AuntMinnie.com presents the 11th in a series of columns on the practice of ultrasound from Dr. Jason Birnholz, one of the pioneers of this modality.
Fellow Ultrasounder,
Medicine necessarily involves lifelong learning. We never know enough, yet we have to act, blending our observations and actions with overriding concern for patient well-being. We are bombarded by information, and the barrages intensify with every revision and extension of basic knowledge.
I think there is an important role for intuition, which to my way of thinking is a composite of all those things we have seen, heard, or read that linger below the level of immediate conscious recall. Sometimes, these come back when something on the screen triggers a hidden memory.
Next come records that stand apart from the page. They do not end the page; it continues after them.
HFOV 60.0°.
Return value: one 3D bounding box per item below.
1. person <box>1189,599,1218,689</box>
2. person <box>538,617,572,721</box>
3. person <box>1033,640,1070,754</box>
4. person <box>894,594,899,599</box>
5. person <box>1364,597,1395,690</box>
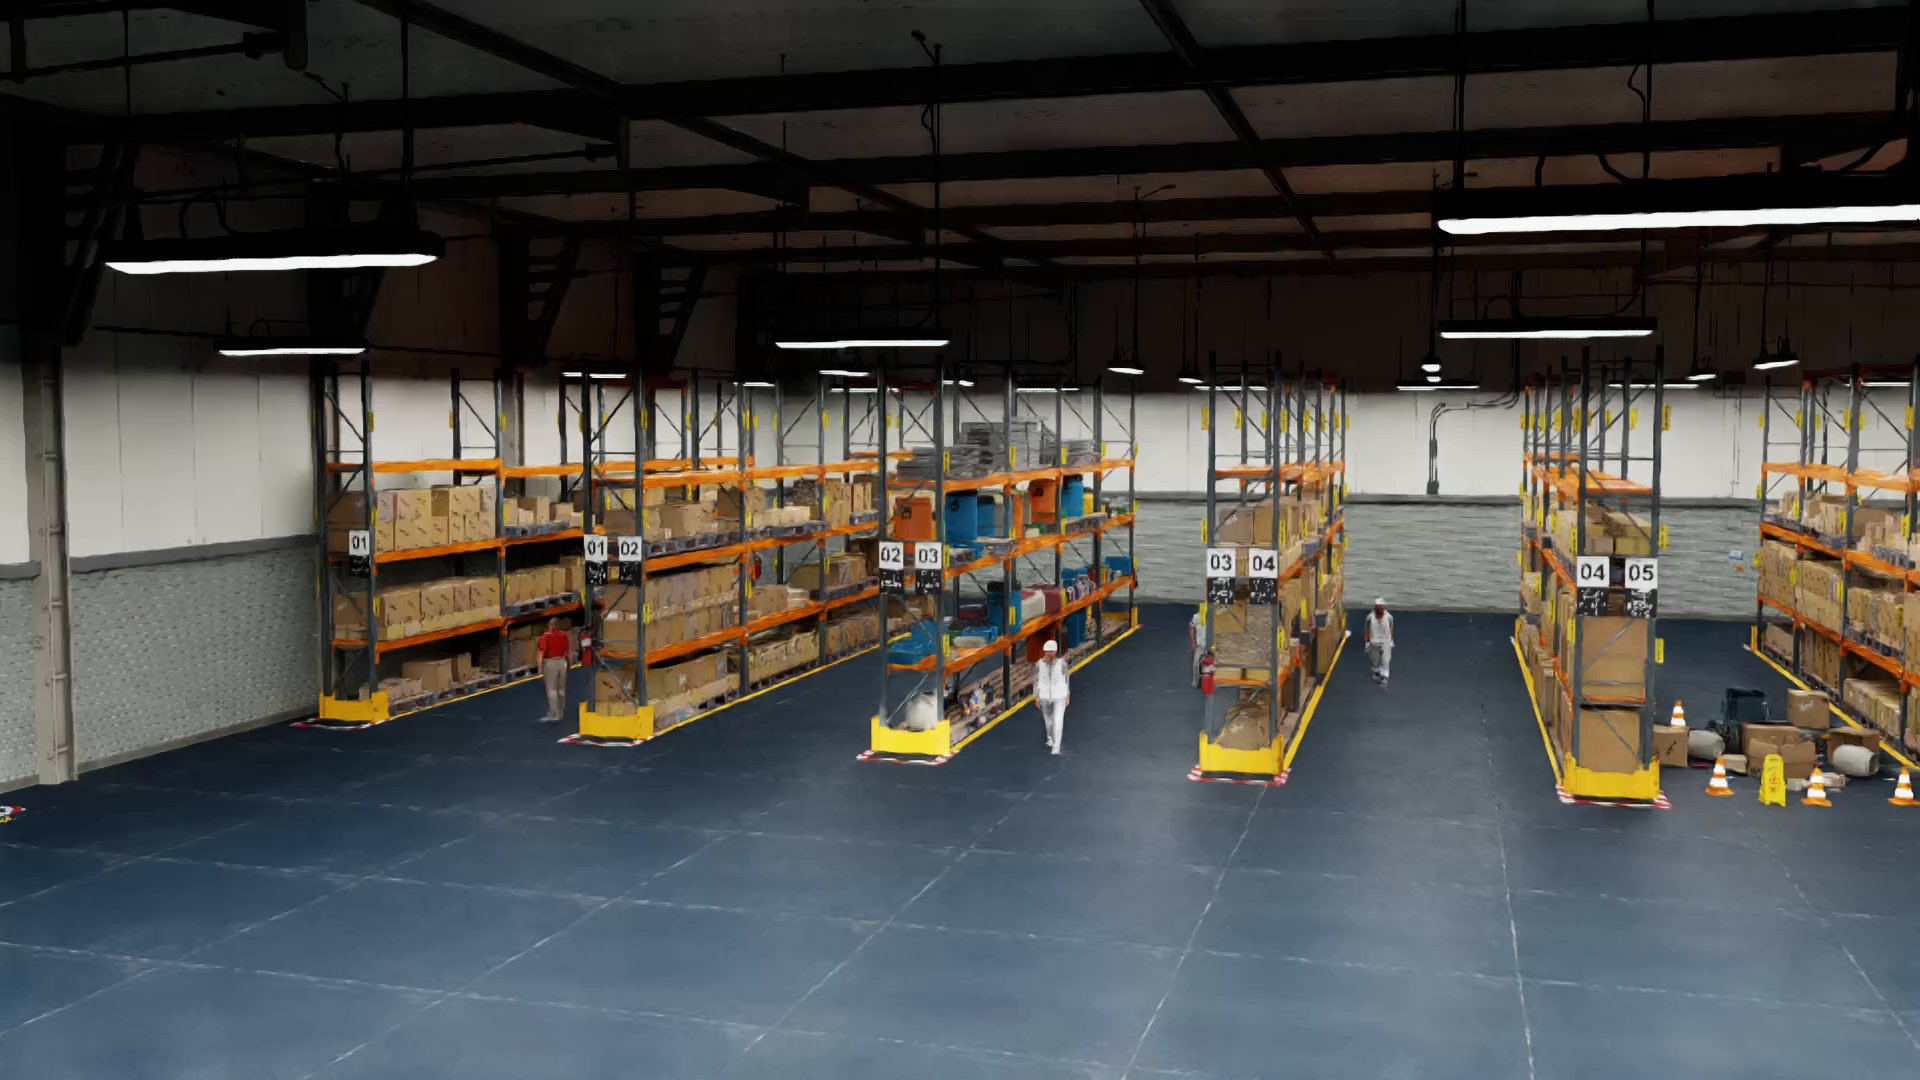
[{"bbox_3d":[4.615,1.931,31.079,0.682,1.715,0.536,1,4,14],"label":"person"},{"bbox_3d":[-6.806,2.137,27.861,0.593,1.719,0.651,4,5,41],"label":"person"},{"bbox_3d":[1.388,2.336,25.216,0.546,1.693,0.931,1,4,15],"label":"person"},{"bbox_3d":[-1.828,1.087,43.490,0.443,1.587,0.991,2,5,25],"label":"person"},{"bbox_3d":[7.839,1.911,31.110,0.553,1.709,1.123,1,4,18],"label":"person"}]

The summer of 1966 at the end of my junior year in medical school, I was fortunate to do an elective in experimental cardiovascular surgery. One of the projects had to do with boosting cardiac output to overcome congestive failure by the way the left ventricle was paced.
The experimental model of right heart failure involved creating ascites by surgical compression of the thoracic duct in dogs via an upper abdominal incision and placing a ring around the thoracic duct as it passes through the diaphragmatic hiatus just to the right of the aorta. We will come to a case that prompted this recollection after we look into lymph flow dynamics a little more.
The next stop of the memory train is in 1978 in Boston, when I was the radiologist in chief at the Boston Hospital for Women, my most favorite clinical title. I was really lucky to work with Dr. Fred Frigoletto, who is one of the founders of the subspecialty of maternal-fetal medicine, as it is known now, and with Dr. Shirley Driscoll, probably the best known fetal pathologist in the world at that time.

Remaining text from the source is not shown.